Intangibles other than goodwill and IPR&D

  • The illustrative list of potential acquired intangibles from FAS 141 will be included in the standard.
  • Accounting for intangibles with a finite useful economic life should follow IAS 38.
  • The Board agreed that intangible assets can have an indefinite (but not infinite) useful economic life, even if this requires subsequent actions. Guidance for identifying such assets will be included in the exposure draft. The Board concluded that such intangibles should be reviewed for impairment rather than amortised over an arbitrary period, but once the life of the asset becomes determinable, amortisation should commence. The IAS 36 impairment approach is to be used with an annual test for unamortised intangibles.
  • The Board agreed that revaluation should be allowed for intangible assets that (a) have an indefinite useful life and (b) are acquired in a business combination (using IAS 38 revaluation procedures) even if no active market exists for them. Otherwise this would be inconsistent with recognising the asset in the first place. IAS 38 may subsequently be amended to allow this for all acquired intangibles.

In-process research and development (IPR&D)

  • The Board's tentative view: both research and development acquired in an acquisition must be recognised as assets if they satisfy the normal acquired intangibles criteria -- even though an asset would not be recognised if such costs are incurred directly by the acquirer. Subsequent accounting will follow IAS 38.
  • The Board debated whether subsequent R&D expenditure relating to acquired IPR&D should be treated under paragraphs 42 and 45 of IAS 38 (no capitalisation of any research and capitalisation of development only after strict commercial viability criteria are met) or whether paragraph 60 (all subsequent expenditure adds to the original IPR&D asset, subject to impairment) should apply. The concern expressed with the second option is if a minimal amount, say $20, of research is acquired and capitalised, then a further expenditure of $20 billion can be capitalised. The $20 billion would not have been capitalised if the initial $20 not been acquired. The Board saw this as a potential abuse and concluded that paragraphs 42 and 45 should apply.

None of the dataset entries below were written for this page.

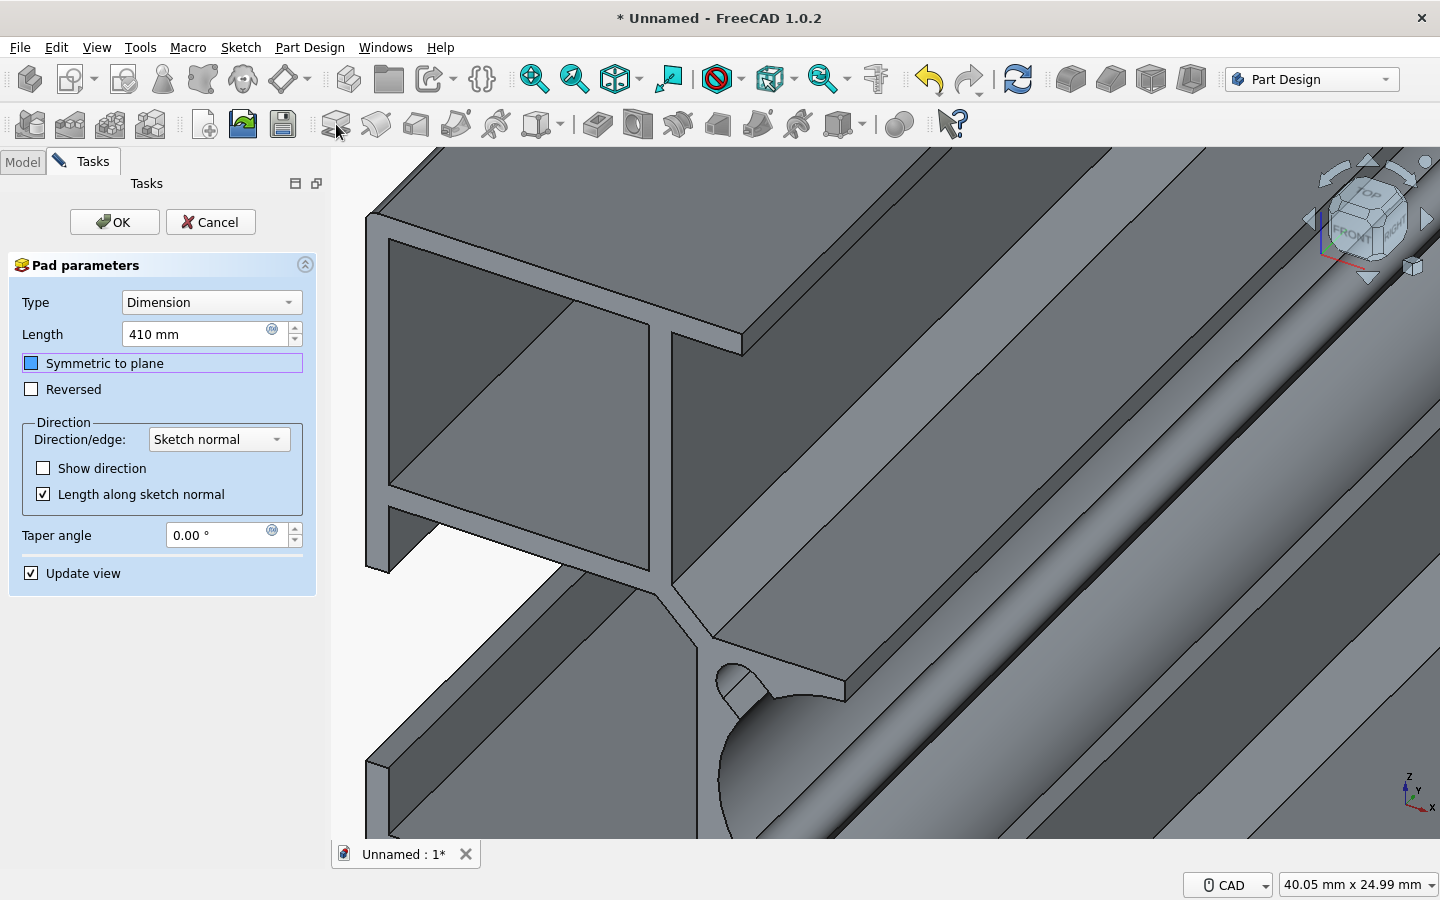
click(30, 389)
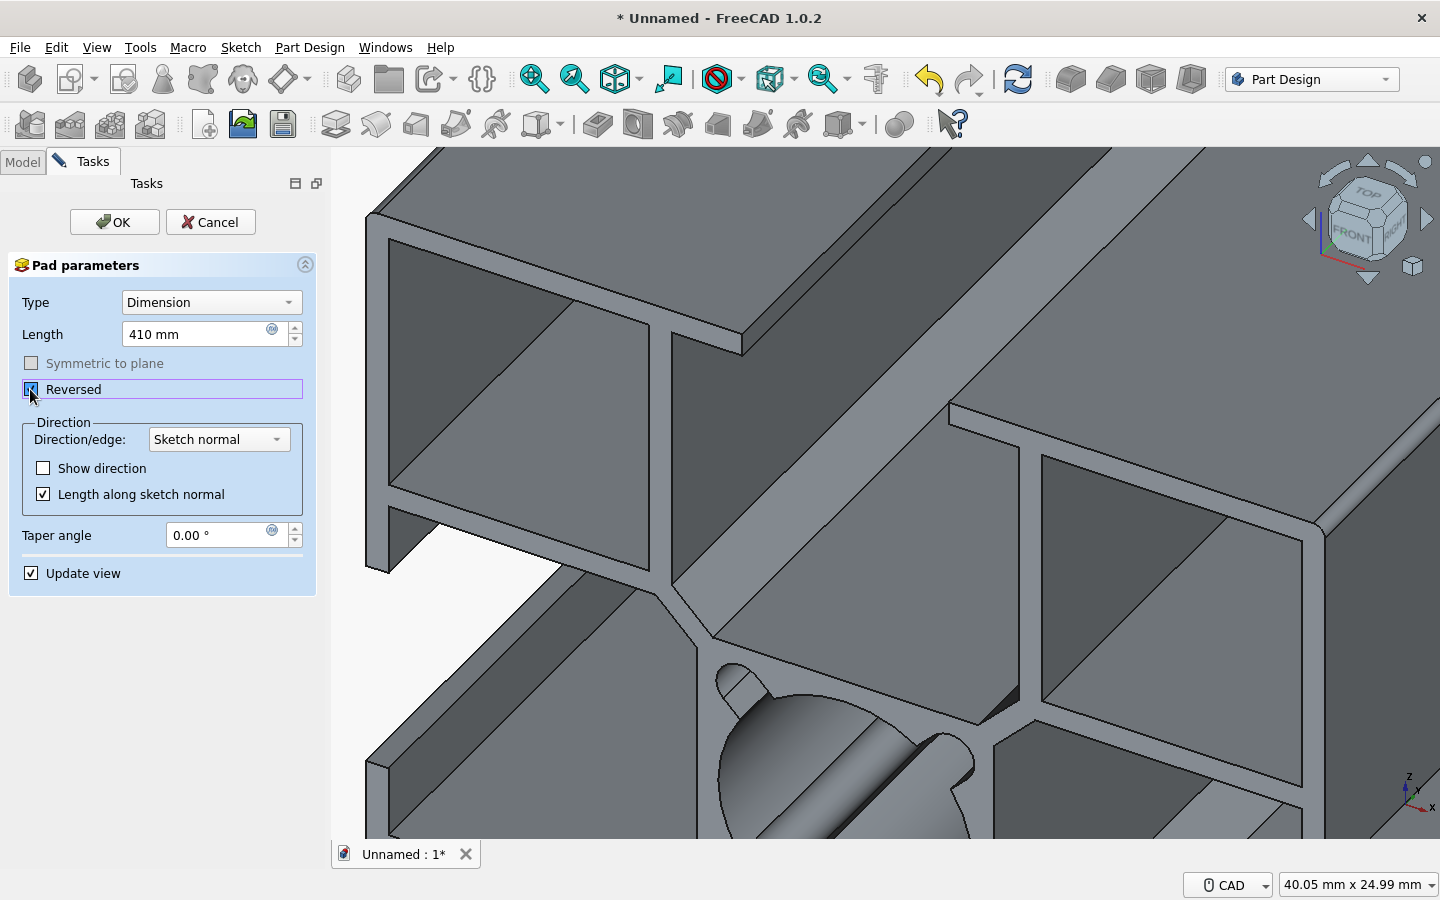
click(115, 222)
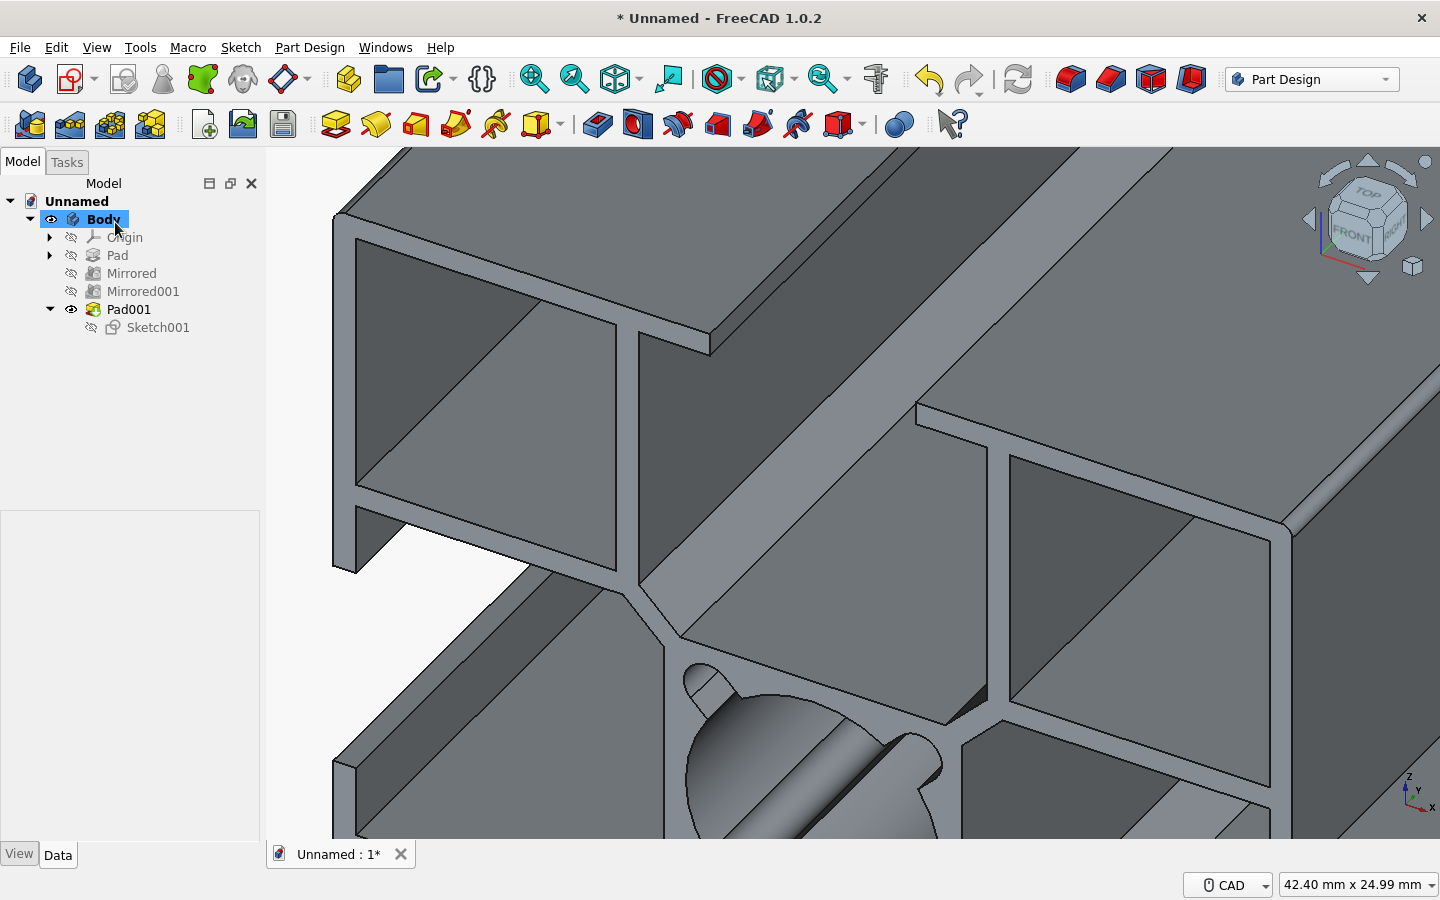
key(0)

  • Initial discussion considered whether goodwill is an asset. Most standard-setters say that it is (although not UK or Germany, although they still capitalise the cost). Under IAS it is considered an asset although it does not appear to meet the criteria in the Framework. The Board concluded that it is an asset, because the purchase price was paid for a reason, although it is not a separately measurable asset.
  • The Board concluded that non-amortisation was the correct treatment for goodwill, with an impairment test that is stringent but does not create an onerous implementation workload. The Board noted that this conflicted with the 4th EU Directive.
  • Issues relating to the impairment test were debated, with Board conclusions noted:
    • Level at which the test should be applied: The existing definition of 'cash-generating unit' should be strengthened to mean the lowest level possible within the existing management structure, to minimise the cost of performing the exercise.
    • The value-in-use measure in IAS 36 will be retained.
    • The IAS 36 guidance on the assumptions permitted in assessing the worth of goodwill (budgets, growth rates, etc.) will also be retained, but the expected value notion will now be required, not just permitted.
    • The comparison should include assets and liabilities that were unrecognised at the date of acquisition but that would be recognised if the purchase took place on the date the test is being performed. However, this is necessary only if an initial review at the unit level has indicated impairment. This effectively means a two-step test.
    • Where detailed calculations have been necessary for the company to illustrate that there is no impairment or what the level of impairment is, these should be reviewed in subsequent periods to ensure that they are comparable with the actual results achieved. The frequency of such tests is to be further debated at the next meeting.